### Records shown
__________________________________________________
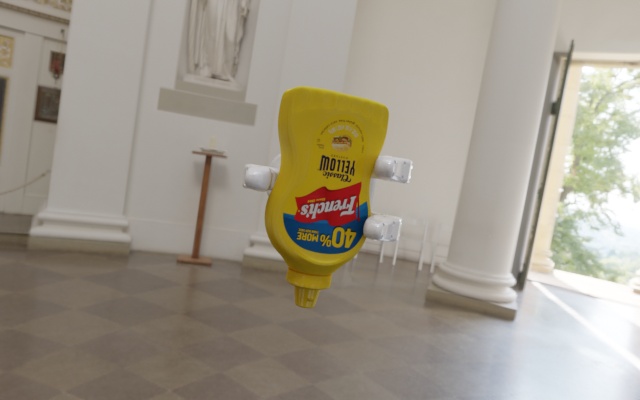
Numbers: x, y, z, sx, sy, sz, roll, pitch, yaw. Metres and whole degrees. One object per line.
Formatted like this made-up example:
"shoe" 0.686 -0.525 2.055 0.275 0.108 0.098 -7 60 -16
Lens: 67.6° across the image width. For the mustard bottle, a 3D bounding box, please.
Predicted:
"mustard bottle" 0.000 0.001 0.429 0.096 0.191 0.058 8 4 -23
__________________________________________________
### Problem requirements
An exact copy of every entry above is needed, minus the pictures.

### Result of the task
Numbers: x, y, z, sx, sy, sz, roll, pitch, yaw. Metres and whole degrees. One object per line.
Formatted like this made-up example:
"shoe" 0.686 -0.525 2.055 0.275 0.108 0.098 -7 60 -16
Lens: 67.6° across the image width. For the mustard bottle, a 3D bounding box, please.
Predicted:
"mustard bottle" 0.000 0.001 0.429 0.096 0.191 0.058 8 4 -23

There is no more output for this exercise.